Please print each entry below exactly as it stands, but without any pictures.

▽

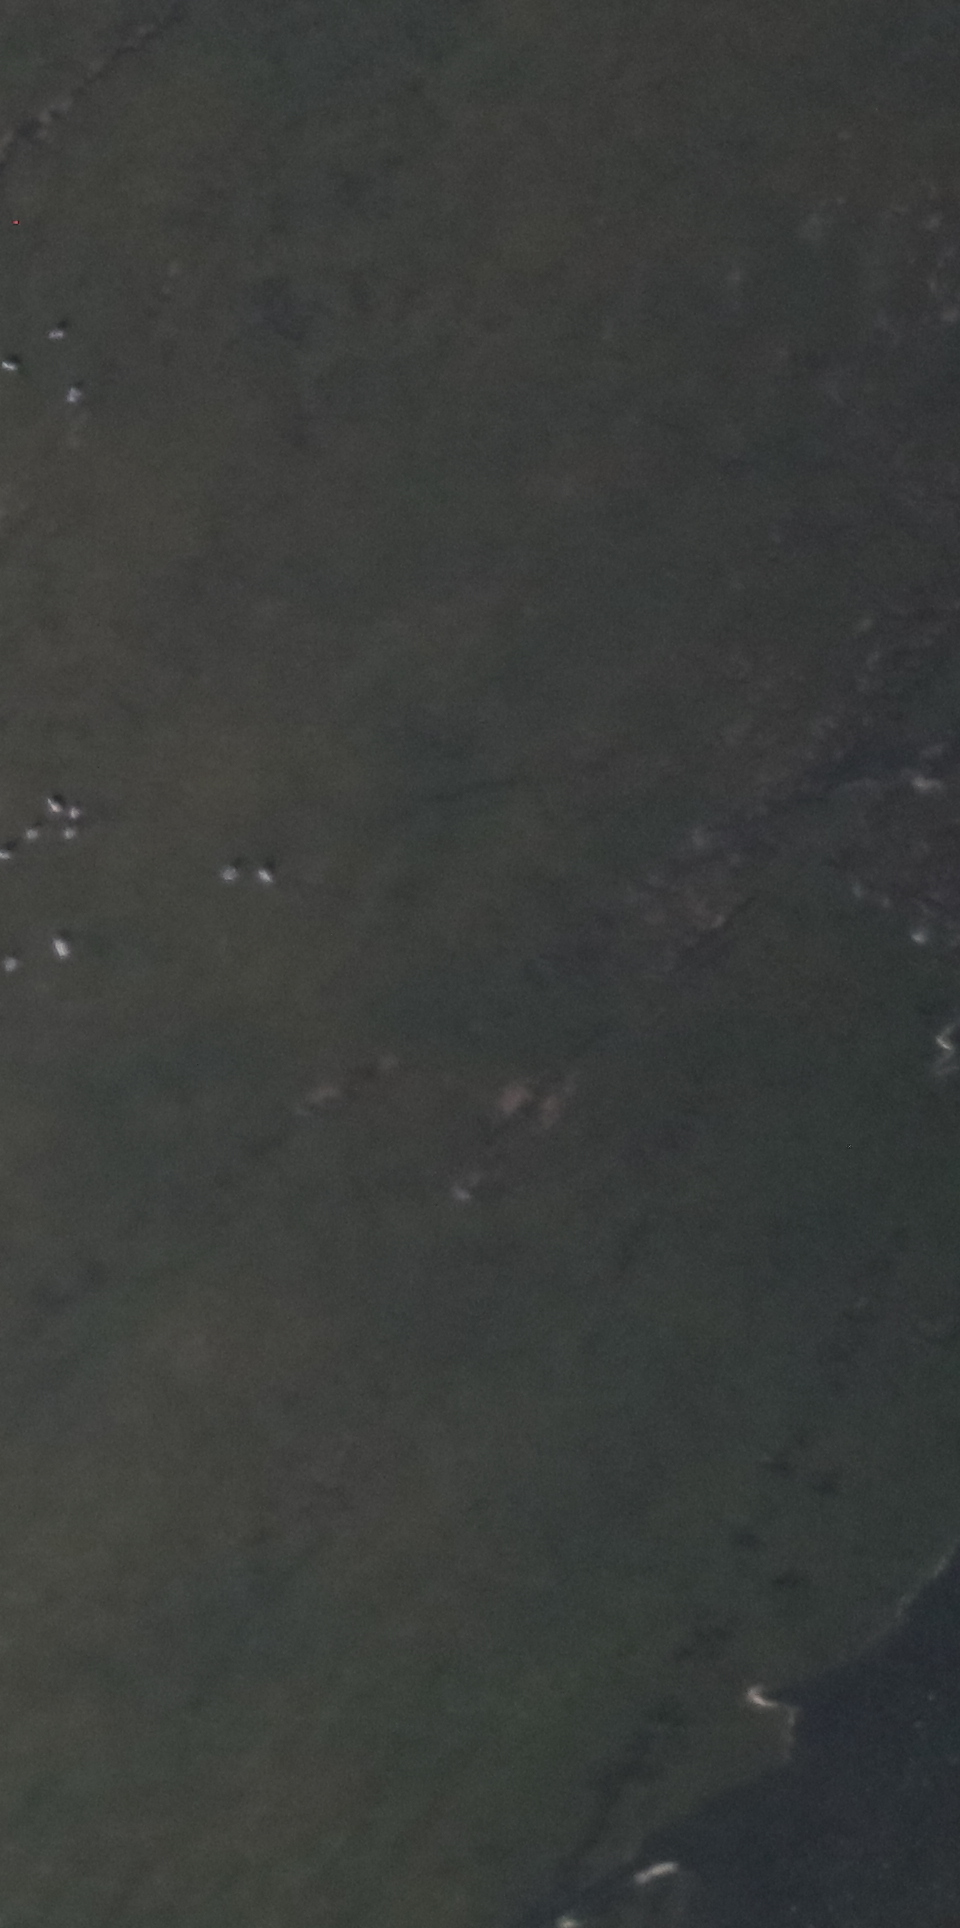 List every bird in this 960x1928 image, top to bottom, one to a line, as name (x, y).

brant (56, 332)
brant (8, 364)
brant (76, 394)
brant (51, 798)
brant (81, 805)
brant (31, 833)
brant (72, 833)
brant (6, 853)
brant (235, 872)
brant (265, 876)
brant (59, 947)
brant (7, 960)
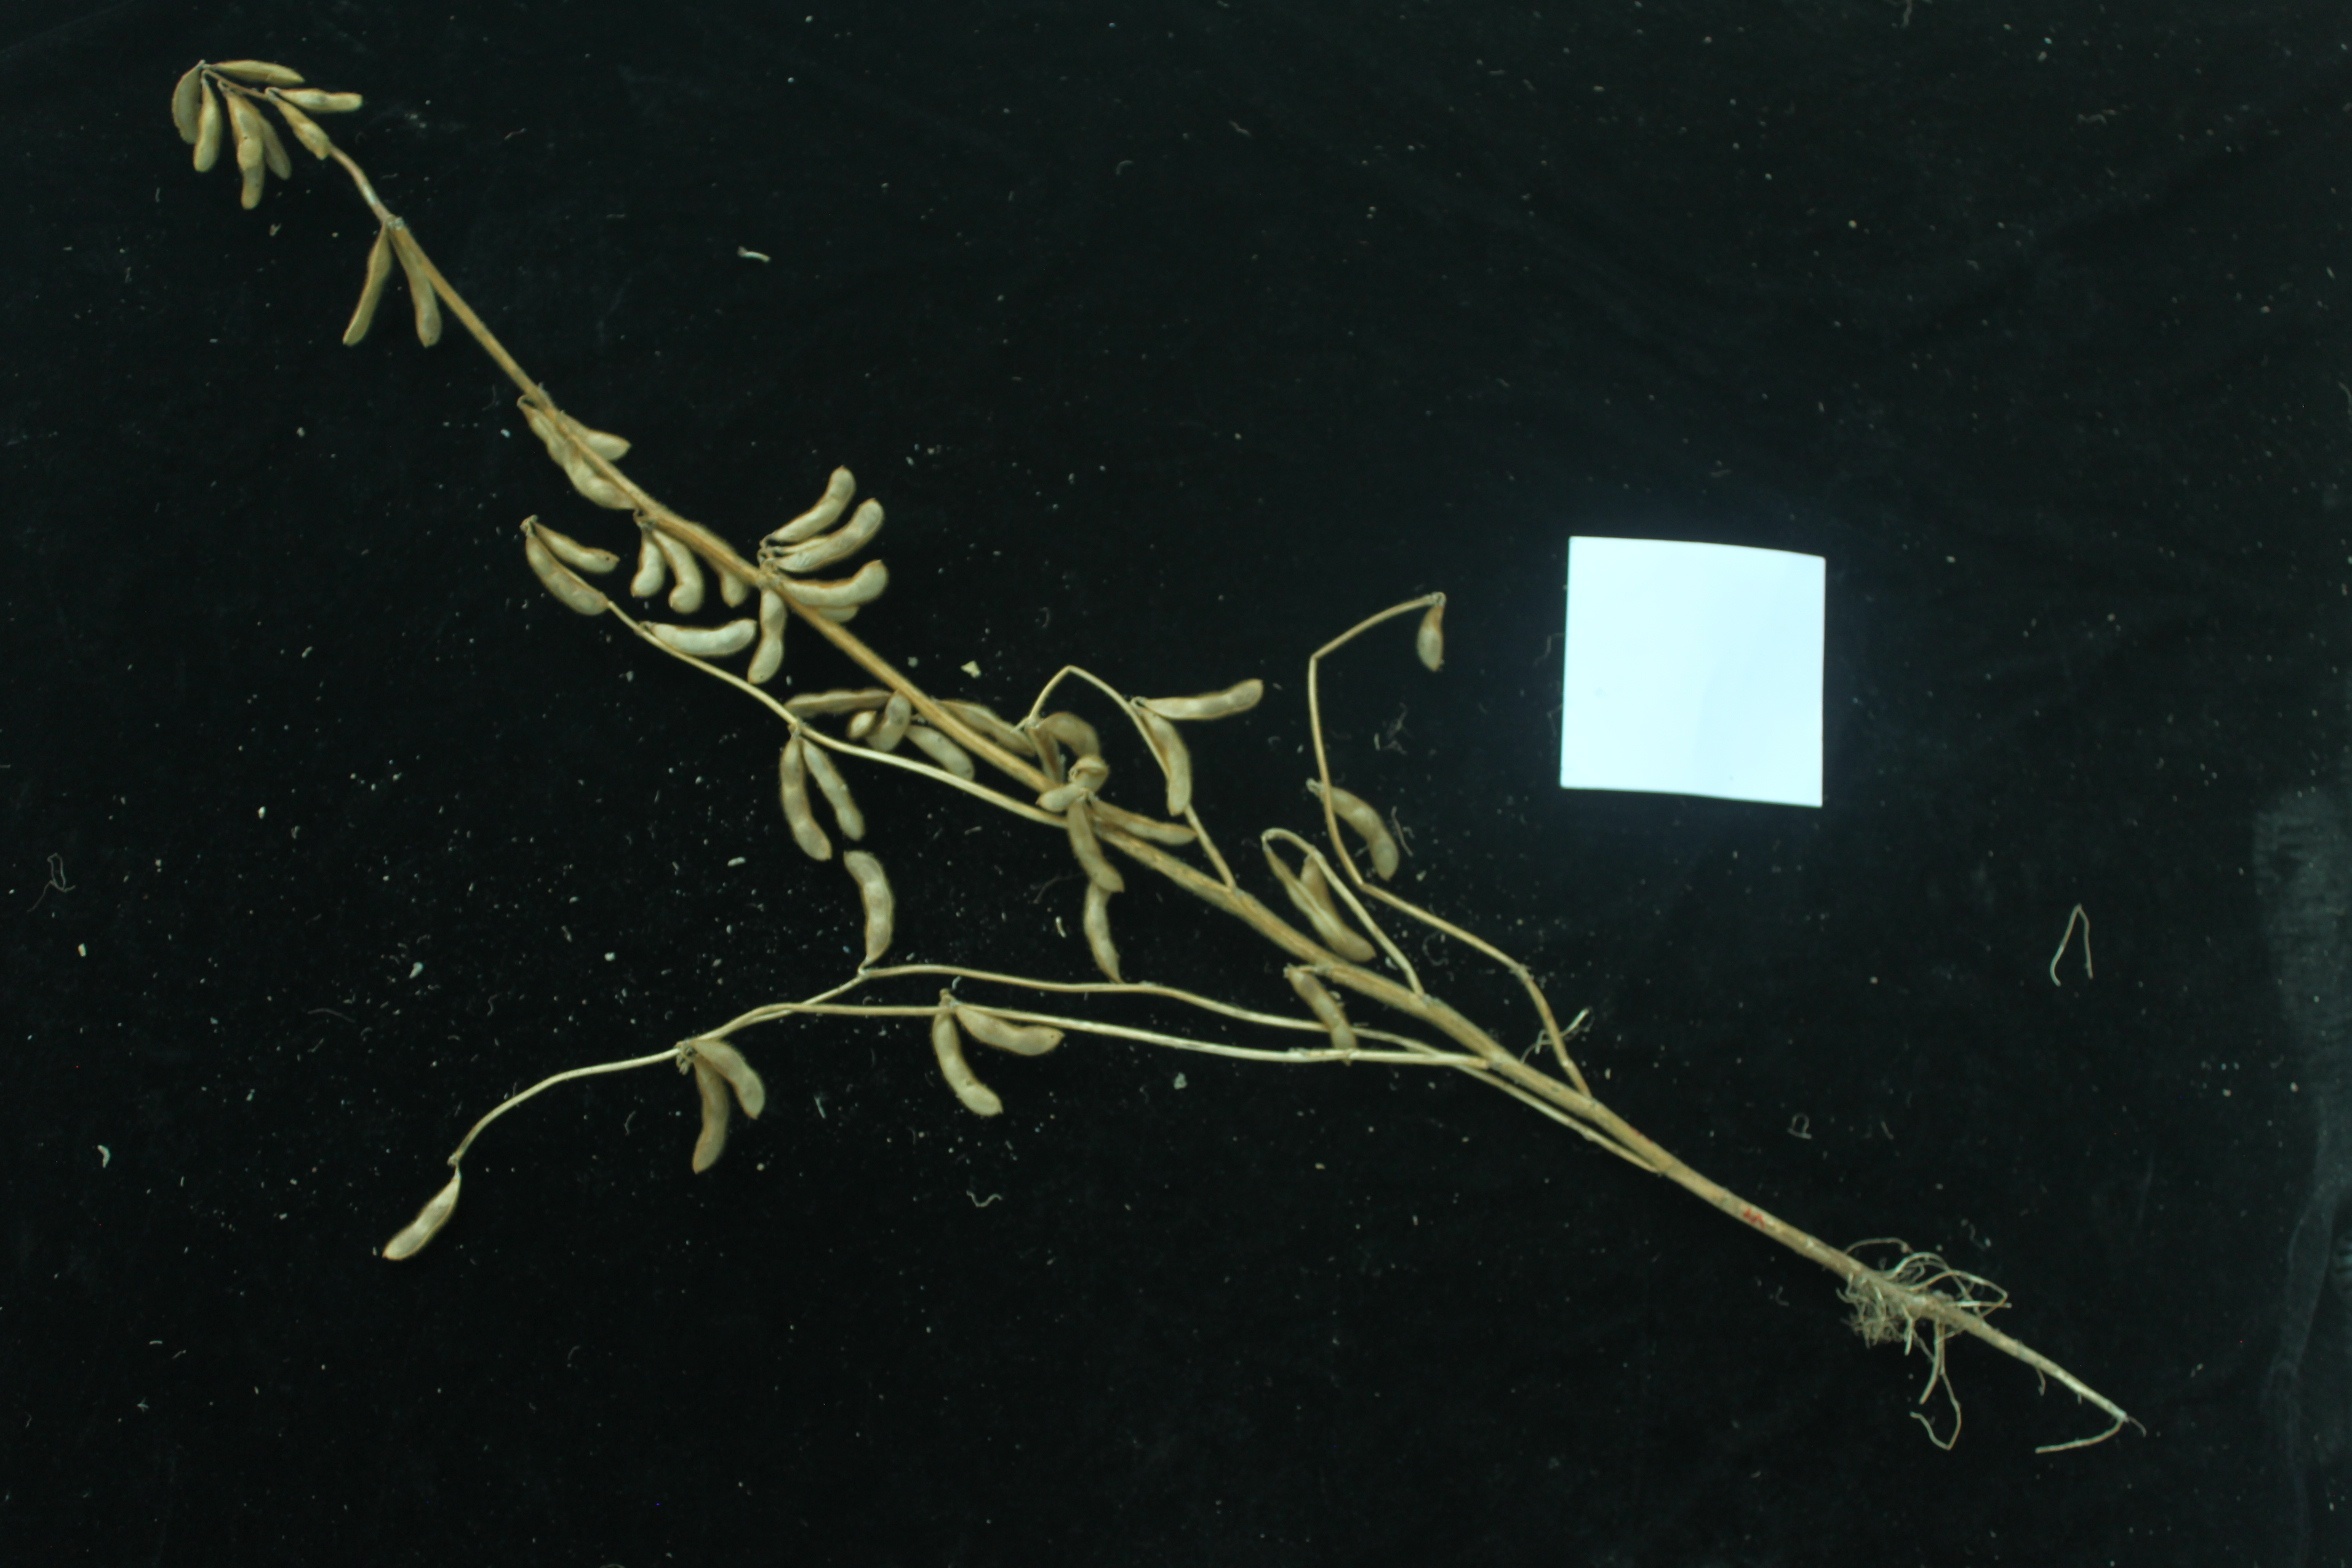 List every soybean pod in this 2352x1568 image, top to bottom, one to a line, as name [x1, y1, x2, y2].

soybean pod [213, 64, 305, 86]
soybean pod [170, 67, 196, 136]
soybean pod [179, 67, 203, 148]
soybean pod [194, 80, 220, 175]
soybean pod [228, 90, 293, 183]
soybean pod [265, 91, 361, 113]
soybean pod [226, 96, 263, 176]
soybean pod [271, 98, 330, 165]
soybean pod [243, 169, 263, 211]
soybean pod [341, 219, 392, 350]
soybean pod [390, 228, 440, 348]
soybean pod [536, 396, 631, 462]
soybean pod [520, 407, 637, 513]
soybean pod [759, 467, 857, 547]
soybean pod [765, 499, 883, 574]
soybean pod [538, 524, 619, 574]
soybean pod [525, 525, 607, 615]
soybean pod [671, 527, 747, 607]
soybean pod [630, 528, 662, 599]
soybean pod [654, 533, 701, 614]
soybean pod [772, 540, 830, 556]
soybean pod [779, 561, 888, 610]
soybean pod [759, 566, 860, 624]
soybean pod [750, 589, 785, 686]
soybean pod [1417, 590, 1443, 677]
soybean pod [646, 621, 755, 656]
soybean pod [1133, 678, 1262, 723]
soybean pod [786, 689, 894, 719]
soybean pod [868, 695, 909, 755]
soybean pod [933, 702, 1038, 761]
soybean pod [844, 709, 921, 743]
soybean pod [1135, 711, 1194, 818]
soybean pod [1041, 714, 1104, 763]
soybean pod [1025, 717, 1071, 792]
soybean pod [906, 730, 974, 785]
soybean pod [802, 734, 865, 842]
soybean pod [782, 735, 834, 861]
soybean pod [1038, 761, 1110, 816]
soybean pod [1310, 781, 1401, 881]
soybean pod [1067, 801, 1123, 893]
soybean pod [1085, 801, 1199, 845]
soybean pod [1262, 844, 1376, 964]
soybean pod [844, 850, 892, 973]
soybean pod [1298, 854, 1337, 919]
soybean pod [1086, 877, 1122, 984]
soybean pod [1283, 966, 1359, 1066]
soybean pod [930, 993, 1001, 1117]
soybean pod [943, 996, 1065, 1056]
soybean pod [687, 1040, 763, 1119]
soybean pod [682, 1053, 726, 1172]
soybean pod [383, 1162, 460, 1262]

△

*FINISHED TASK*
 List every bird in this 960x1928 image, top to bottom, one to a line, as name (x, y).

brant (56, 332)
brant (8, 364)
brant (76, 394)
brant (51, 798)
brant (81, 805)
brant (31, 833)
brant (72, 833)
brant (6, 853)
brant (235, 872)
brant (265, 876)
brant (59, 947)
brant (7, 960)
 List every soybean pod in this 2352x1568 image, top to bottom, one to a line, as name [x1, y1, x2, y2].

soybean pod [213, 64, 305, 86]
soybean pod [170, 67, 196, 136]
soybean pod [179, 67, 203, 148]
soybean pod [194, 80, 220, 175]
soybean pod [228, 90, 293, 183]
soybean pod [265, 91, 361, 113]
soybean pod [226, 96, 263, 176]
soybean pod [271, 98, 330, 165]
soybean pod [243, 169, 263, 211]
soybean pod [341, 219, 392, 350]
soybean pod [390, 228, 440, 348]
soybean pod [536, 396, 631, 462]
soybean pod [520, 407, 637, 513]
soybean pod [759, 467, 857, 547]
soybean pod [765, 499, 883, 574]
soybean pod [538, 524, 619, 574]
soybean pod [525, 525, 607, 615]
soybean pod [671, 527, 747, 607]
soybean pod [630, 528, 662, 599]
soybean pod [654, 533, 701, 614]
soybean pod [772, 540, 830, 556]
soybean pod [779, 561, 888, 610]
soybean pod [759, 566, 860, 624]
soybean pod [750, 589, 785, 686]
soybean pod [1417, 590, 1443, 677]
soybean pod [646, 621, 755, 656]
soybean pod [1133, 678, 1262, 723]
soybean pod [786, 689, 894, 719]
soybean pod [868, 695, 909, 755]
soybean pod [933, 702, 1038, 761]
soybean pod [844, 709, 921, 743]
soybean pod [1135, 711, 1194, 818]
soybean pod [1041, 714, 1104, 763]
soybean pod [1025, 717, 1071, 792]
soybean pod [906, 730, 974, 785]
soybean pod [802, 734, 865, 842]
soybean pod [782, 735, 834, 861]
soybean pod [1038, 761, 1110, 816]
soybean pod [1310, 781, 1401, 881]
soybean pod [1067, 801, 1123, 893]
soybean pod [1085, 801, 1199, 845]
soybean pod [1262, 844, 1376, 964]
soybean pod [844, 850, 892, 973]
soybean pod [1298, 854, 1337, 919]
soybean pod [1086, 877, 1122, 984]
soybean pod [1283, 966, 1359, 1066]
soybean pod [930, 993, 1001, 1117]
soybean pod [943, 996, 1065, 1056]
soybean pod [687, 1040, 763, 1119]
soybean pod [682, 1053, 726, 1172]
soybean pod [383, 1162, 460, 1262]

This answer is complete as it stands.